◆ **WHAT TO DO**
Repeat exactly, and only, the lines below starting at the line that contains "that is bundled" and ending at the line that contains "DECLARE_OBJECT_ALLOCATION(CurlResource)", inclusive of both.

Source records
╭──

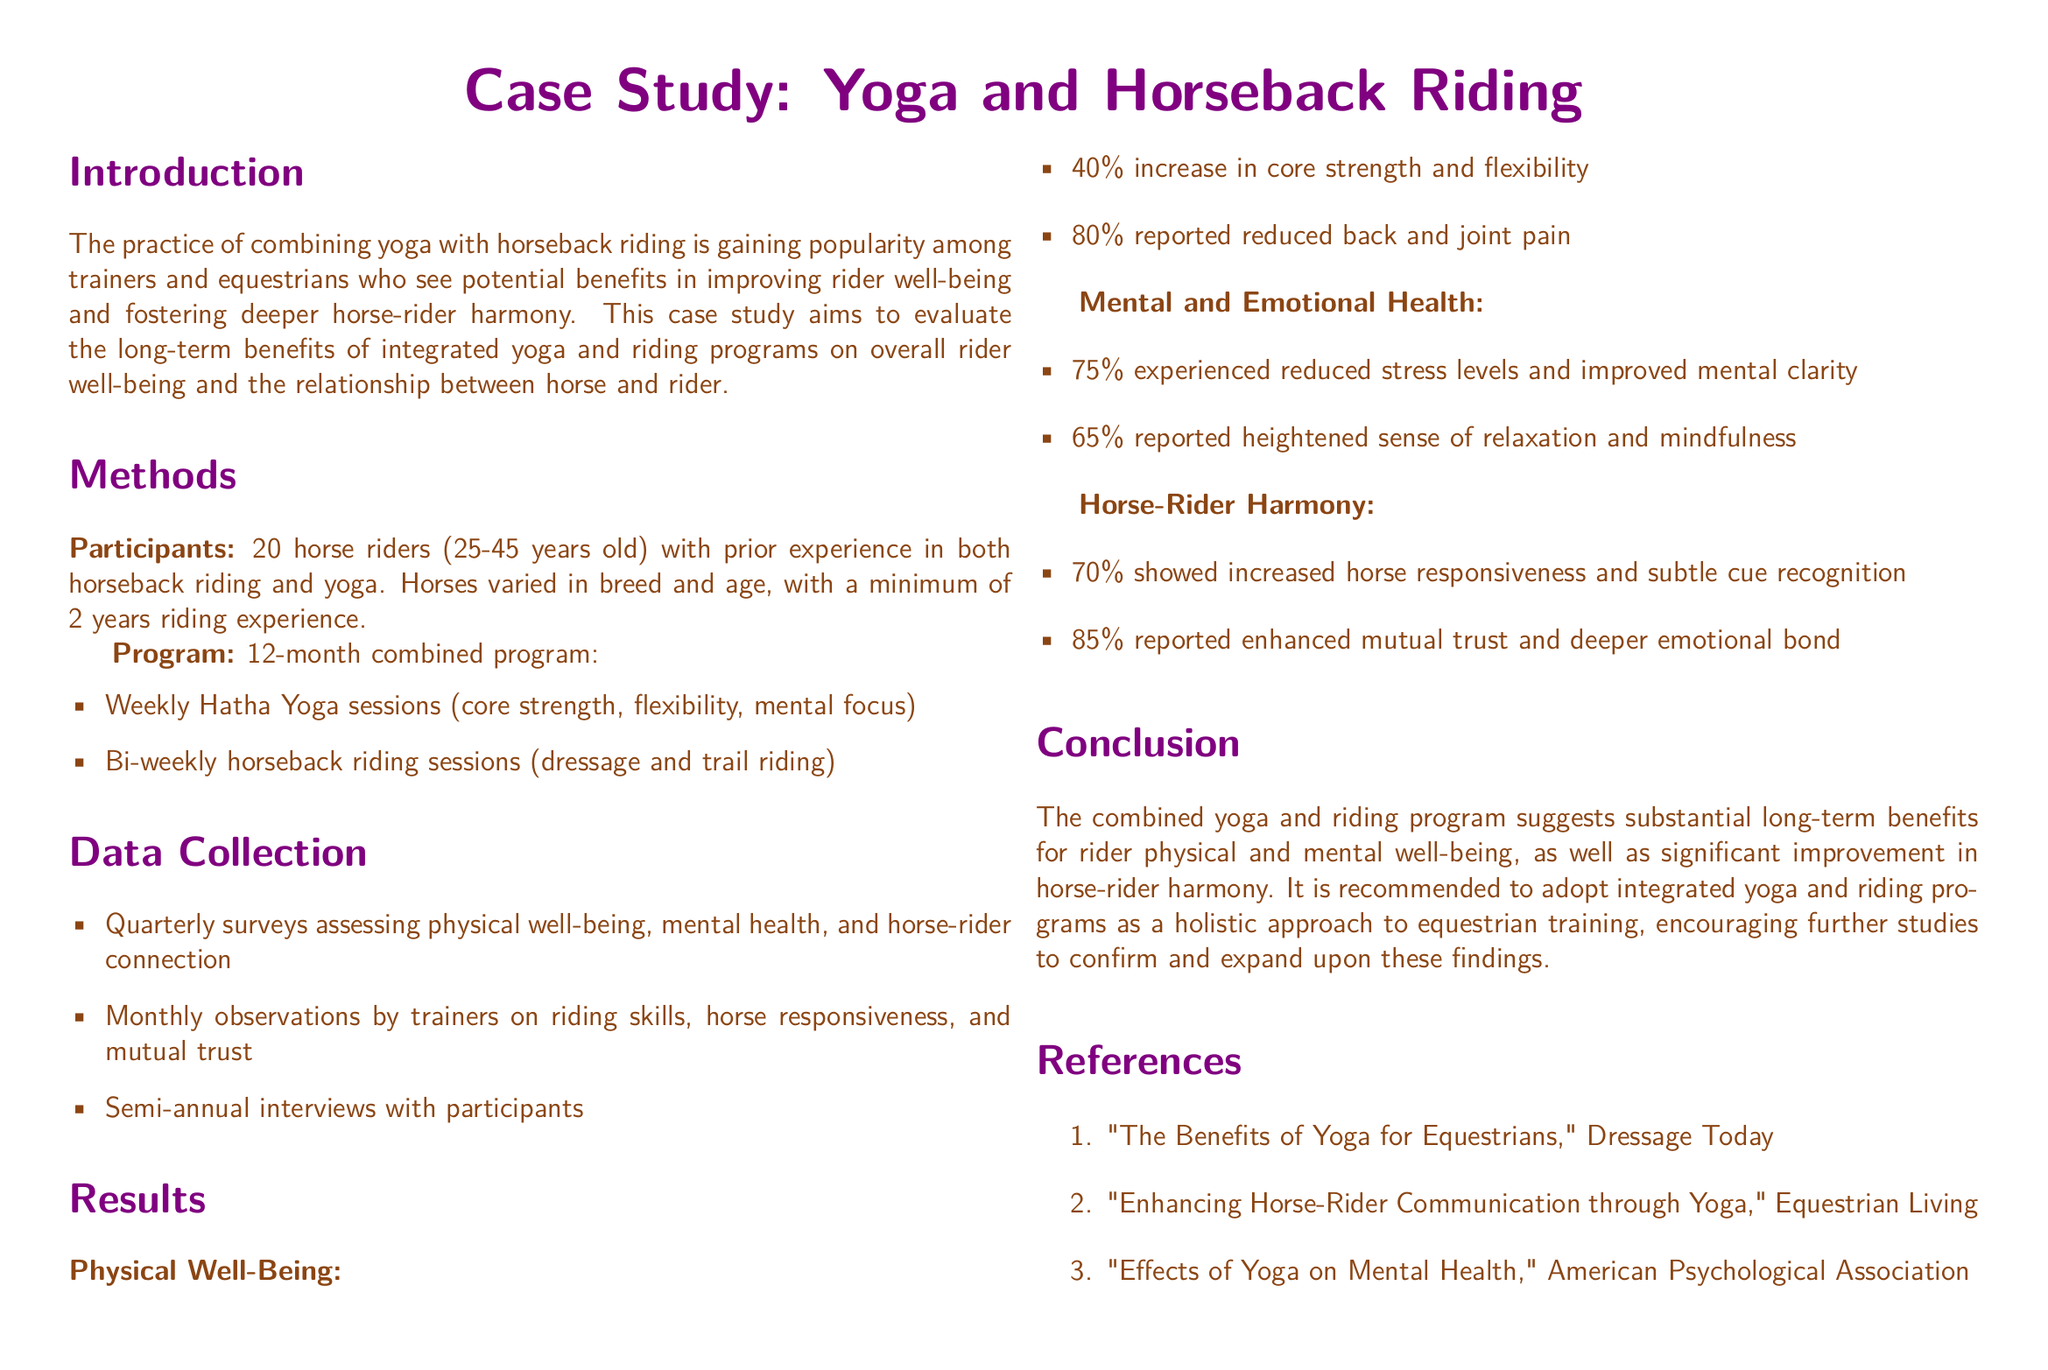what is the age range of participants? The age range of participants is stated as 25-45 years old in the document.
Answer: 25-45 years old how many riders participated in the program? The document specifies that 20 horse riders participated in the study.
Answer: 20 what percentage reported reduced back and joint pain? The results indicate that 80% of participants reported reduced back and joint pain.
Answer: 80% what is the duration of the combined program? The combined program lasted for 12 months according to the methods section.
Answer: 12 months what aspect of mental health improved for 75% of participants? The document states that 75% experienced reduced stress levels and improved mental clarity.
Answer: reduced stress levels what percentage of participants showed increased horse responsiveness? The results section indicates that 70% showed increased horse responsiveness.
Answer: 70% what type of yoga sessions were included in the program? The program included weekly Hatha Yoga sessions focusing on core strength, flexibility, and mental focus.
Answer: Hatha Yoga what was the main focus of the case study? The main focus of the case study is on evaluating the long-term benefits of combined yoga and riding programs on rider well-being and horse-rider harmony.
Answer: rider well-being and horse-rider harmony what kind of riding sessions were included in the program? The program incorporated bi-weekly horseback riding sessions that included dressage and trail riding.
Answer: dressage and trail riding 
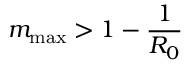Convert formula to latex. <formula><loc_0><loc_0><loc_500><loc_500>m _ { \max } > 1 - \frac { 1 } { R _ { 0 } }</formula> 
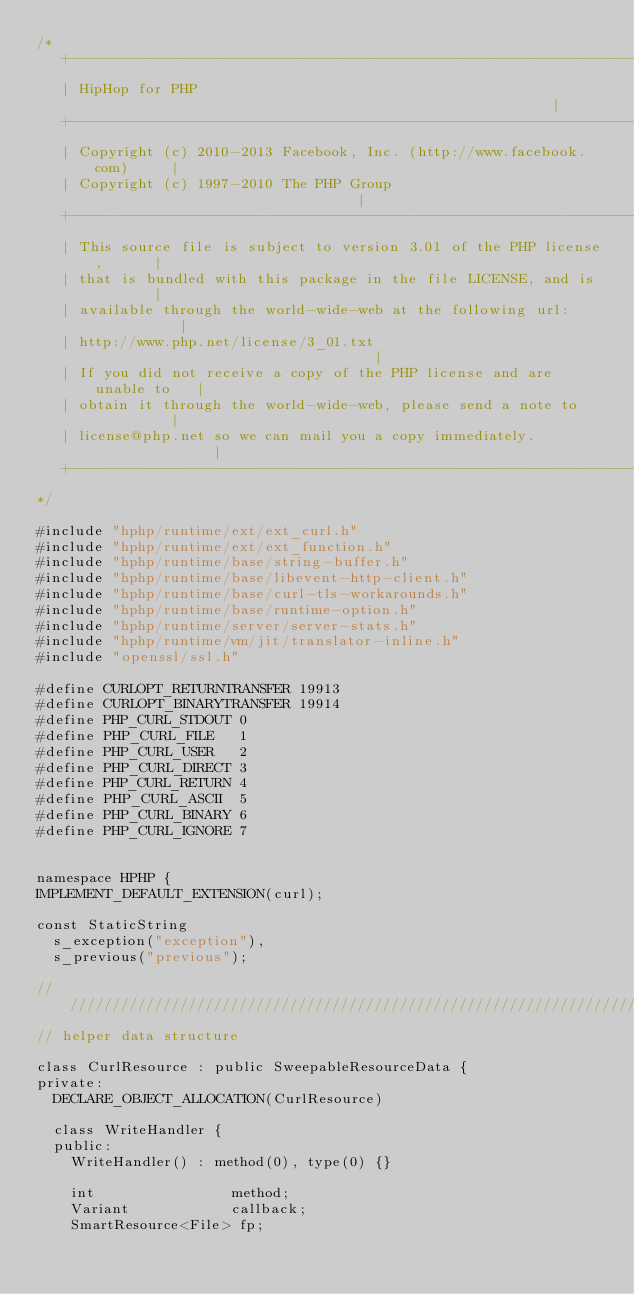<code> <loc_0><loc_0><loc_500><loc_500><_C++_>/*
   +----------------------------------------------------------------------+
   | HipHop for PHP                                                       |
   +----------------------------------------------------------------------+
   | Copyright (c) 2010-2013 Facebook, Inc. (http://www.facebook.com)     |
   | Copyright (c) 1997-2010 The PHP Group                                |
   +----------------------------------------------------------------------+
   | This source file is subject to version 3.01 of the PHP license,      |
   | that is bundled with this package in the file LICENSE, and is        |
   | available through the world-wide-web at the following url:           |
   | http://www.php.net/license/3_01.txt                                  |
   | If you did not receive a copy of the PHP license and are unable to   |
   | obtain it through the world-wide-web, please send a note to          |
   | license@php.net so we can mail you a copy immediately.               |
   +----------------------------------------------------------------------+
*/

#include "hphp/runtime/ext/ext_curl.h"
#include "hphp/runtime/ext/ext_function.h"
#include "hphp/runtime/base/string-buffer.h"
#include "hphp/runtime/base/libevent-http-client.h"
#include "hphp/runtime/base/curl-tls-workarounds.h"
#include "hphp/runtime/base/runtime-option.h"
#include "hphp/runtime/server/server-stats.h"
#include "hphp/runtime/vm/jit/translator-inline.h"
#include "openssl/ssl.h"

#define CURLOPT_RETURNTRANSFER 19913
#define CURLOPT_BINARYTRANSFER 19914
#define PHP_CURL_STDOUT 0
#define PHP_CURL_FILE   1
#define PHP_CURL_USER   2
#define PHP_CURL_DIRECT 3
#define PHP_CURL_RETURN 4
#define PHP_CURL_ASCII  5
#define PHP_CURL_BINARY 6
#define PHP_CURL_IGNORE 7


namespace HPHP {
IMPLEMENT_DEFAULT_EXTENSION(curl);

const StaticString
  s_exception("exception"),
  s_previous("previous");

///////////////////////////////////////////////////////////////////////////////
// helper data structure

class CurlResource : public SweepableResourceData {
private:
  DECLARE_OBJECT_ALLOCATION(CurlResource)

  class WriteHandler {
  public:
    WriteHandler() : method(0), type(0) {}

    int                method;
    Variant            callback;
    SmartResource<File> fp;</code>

╰──

◆ **SOLUTION FOR THIS PROBLEM**
   | that is bundled with this package in the file LICENSE, and is        |
   | available through the world-wide-web at the following url:           |
   | http://www.php.net/license/3_01.txt                                  |
   | If you did not receive a copy of the PHP license and are unable to   |
   | obtain it through the world-wide-web, please send a note to          |
   | license@php.net so we can mail you a copy immediately.               |
   +----------------------------------------------------------------------+
*/

#include "hphp/runtime/ext/ext_curl.h"
#include "hphp/runtime/ext/ext_function.h"
#include "hphp/runtime/base/string-buffer.h"
#include "hphp/runtime/base/libevent-http-client.h"
#include "hphp/runtime/base/curl-tls-workarounds.h"
#include "hphp/runtime/base/runtime-option.h"
#include "hphp/runtime/server/server-stats.h"
#include "hphp/runtime/vm/jit/translator-inline.h"
#include "openssl/ssl.h"

#define CURLOPT_RETURNTRANSFER 19913
#define CURLOPT_BINARYTRANSFER 19914
#define PHP_CURL_STDOUT 0
#define PHP_CURL_FILE   1
#define PHP_CURL_USER   2
#define PHP_CURL_DIRECT 3
#define PHP_CURL_RETURN 4
#define PHP_CURL_ASCII  5
#define PHP_CURL_BINARY 6
#define PHP_CURL_IGNORE 7


namespace HPHP {
IMPLEMENT_DEFAULT_EXTENSION(curl);

const StaticString
  s_exception("exception"),
  s_previous("previous");

///////////////////////////////////////////////////////////////////////////////
// helper data structure

class CurlResource : public SweepableResourceData {
private:
  DECLARE_OBJECT_ALLOCATION(CurlResource)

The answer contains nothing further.